» INSTRUCTIONS FOR THE TASK
Tell how many lines in the data contain the string "roll", using a single number as the whole reply.

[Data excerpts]
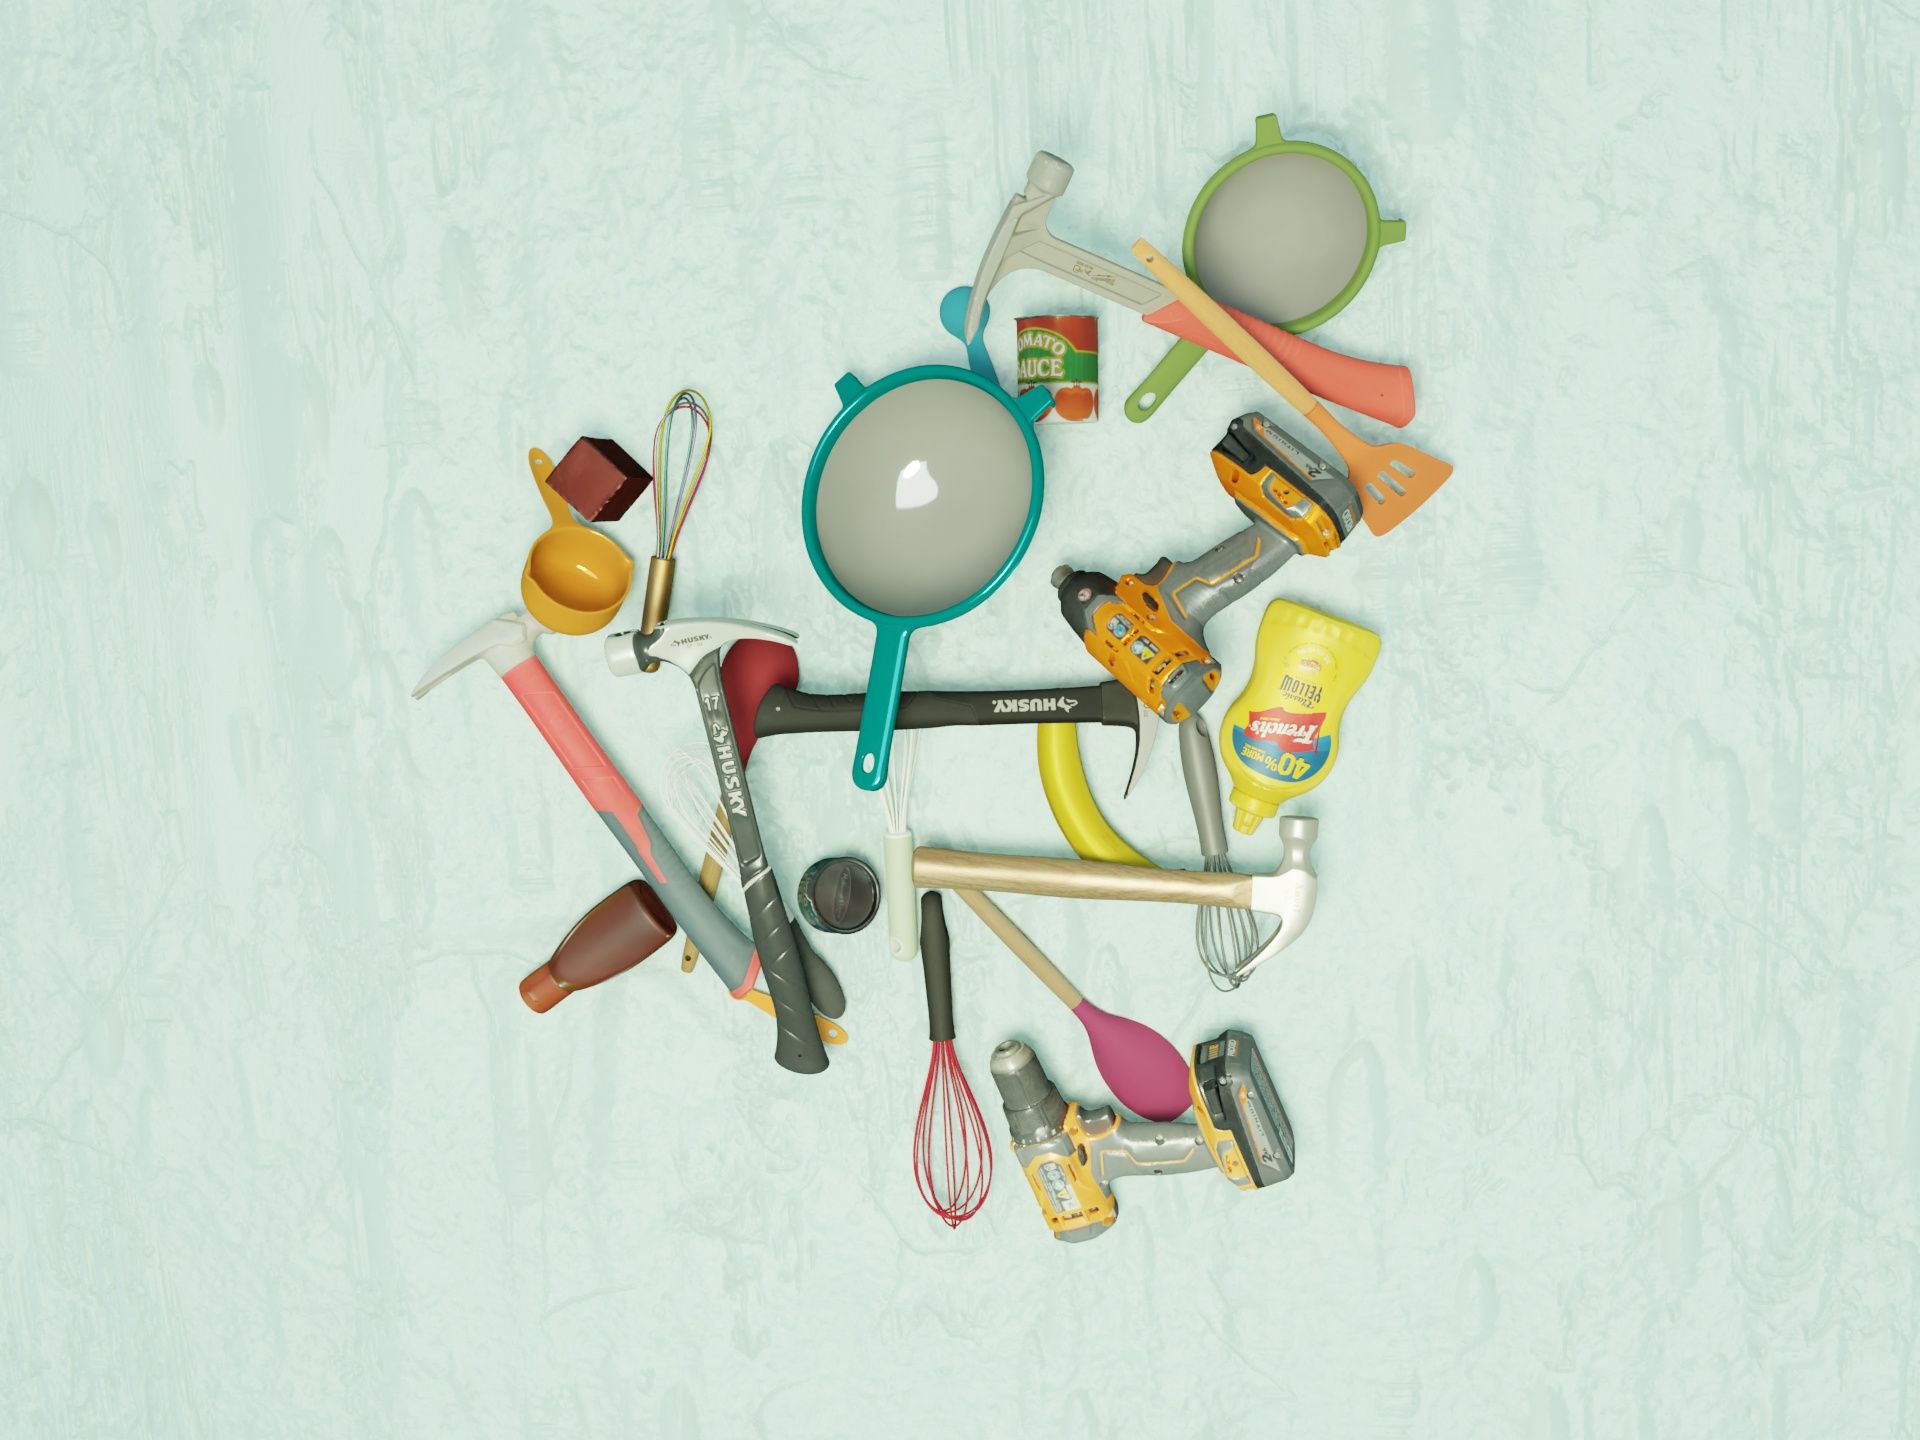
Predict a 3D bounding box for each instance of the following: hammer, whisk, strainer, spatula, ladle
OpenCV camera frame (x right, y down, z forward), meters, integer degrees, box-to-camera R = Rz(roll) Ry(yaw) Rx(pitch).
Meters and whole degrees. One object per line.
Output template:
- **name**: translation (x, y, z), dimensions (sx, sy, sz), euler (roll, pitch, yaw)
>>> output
- **hammer**: translation (0.187, -0.296, 1.224), dimensions (0.359, 0.037, 0.149), euler (20, 118, -14)
- **whisk**: translation (-0.247, -0.159, 1.352), dimensions (0.047, 0.051, 0.245), euler (11, 102, 0)
- **hammer**: translation (-0.166, 0.109, 1.301), dimensions (0.149, 0.036, 0.408), euler (-11, 108, 3)
- **whisk**: translation (-0.054, 0.089, 1.362), dimensions (0.058, 0.059, 0.246), euler (8, 106, 43)
- **whisk**: translation (-0.014, 0.294, 1.378), dimensions (0.073, 0.073, 0.296), euler (-4, 92, 8)
- **whisk**: translation (-0.172, 0.142, 1.363), dimensions (0.070, 0.070, 0.284), euler (-26, 106, 10)
- **whisk**: translation (0.209, 0.110, 1.327), dimensions (0.055, 0.055, 0.239), euler (-10, 92, 9)
- **hammer**: translation (-0.002, -0.004, 1.302), dimensions (0.335, 0.035, 0.146), euler (-2, 80, 0)
- **strainer**: translation (0.213, -0.345, 1.259), dimensions (0.151, 0.069, 0.256), euler (31, 120, -20)
- **spatula**: translation (0.249, -0.257, 1.217), dimensions (0.322, 0.041, 0.081), euler (38, 114, -17)
- **strainer**: translation (-0.028, -0.109, 1.281), dimensions (0.211, 0.095, 0.340), euler (9, 88, 26)
- **hammer**: translation (0.123, 0.134, 1.304), dimensions (0.331, 0.031, 0.130), euler (3, 93, 12)
- **hammer**: translation (-0.306, 0.084, 1.366), dimensions (0.143, 0.038, 0.386), euler (-35, 90, -9)
- **ladle**: translation (-0.204, 0.075, 1.388), dimensions (0.069, 0.031, 0.315), euler (16, 102, 6)

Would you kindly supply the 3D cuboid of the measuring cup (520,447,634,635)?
- **measuring cup**: translation (-0.344, -0.151, 1.361), dimensions (0.052, 0.095, 0.174), euler (-51, 57, 50)

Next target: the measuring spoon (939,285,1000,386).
- **measuring spoon**: translation (0.015, -0.294, 1.306), dimensions (0.042, 0.021, 0.128), euler (-17, 94, 10)

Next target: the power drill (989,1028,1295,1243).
- **power drill**: translation (0.146, 0.330, 1.337), dimensions (0.226, 0.084, 0.185), euler (-20, 103, 18)

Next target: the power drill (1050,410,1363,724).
- **power drill**: translation (0.185, -0.129, 1.253), dimensions (0.226, 0.084, 0.164), euler (-47, 64, 3)

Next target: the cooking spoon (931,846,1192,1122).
- **cooking spoon**: translation (0.082, 0.227, 1.374), dimensions (0.068, 0.017, 0.319), euler (-44, 91, 11)

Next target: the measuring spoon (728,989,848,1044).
- **measuring spoon**: translation (-0.153, 0.259, 1.416), dimensions (0.117, 0.011, 0.021), euler (25, 100, 0)

» WRITTEN RESPONSE
2